── EXERCISE DATA

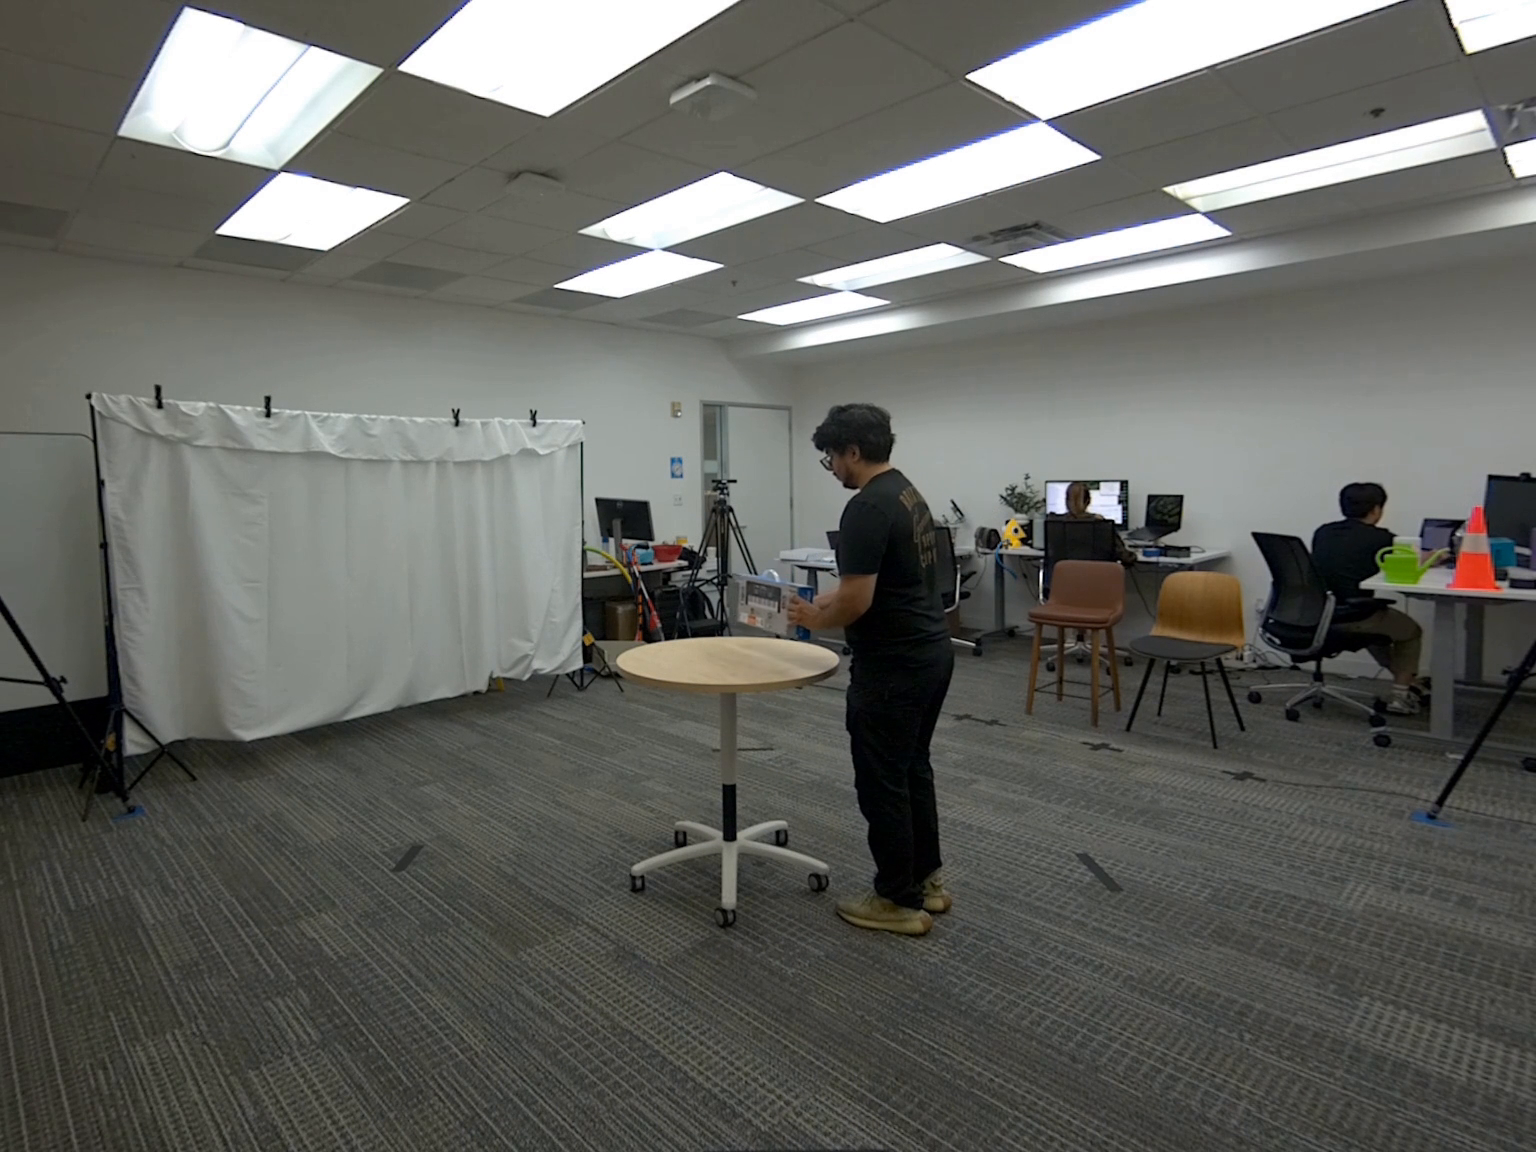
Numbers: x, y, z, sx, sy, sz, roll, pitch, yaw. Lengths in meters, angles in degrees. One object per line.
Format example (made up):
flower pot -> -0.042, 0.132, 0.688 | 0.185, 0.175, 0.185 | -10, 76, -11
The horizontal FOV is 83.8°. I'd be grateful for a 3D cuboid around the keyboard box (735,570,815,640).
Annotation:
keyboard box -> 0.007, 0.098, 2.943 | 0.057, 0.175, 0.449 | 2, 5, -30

────

In the answer, please give only the lines from the line containing "Format example (made" through the final line of the data, copied exactly.

_TASK RESPONSE:_
Format example (made up):
flower pot -> -0.042, 0.132, 0.688 | 0.185, 0.175, 0.185 | -10, 76, -11
The horizontal FOV is 83.8°. I'd be grateful for a 3D cuboid around the keyboard box (735,570,815,640).
Annotation:
keyboard box -> 0.007, 0.098, 2.943 | 0.057, 0.175, 0.449 | 2, 5, -30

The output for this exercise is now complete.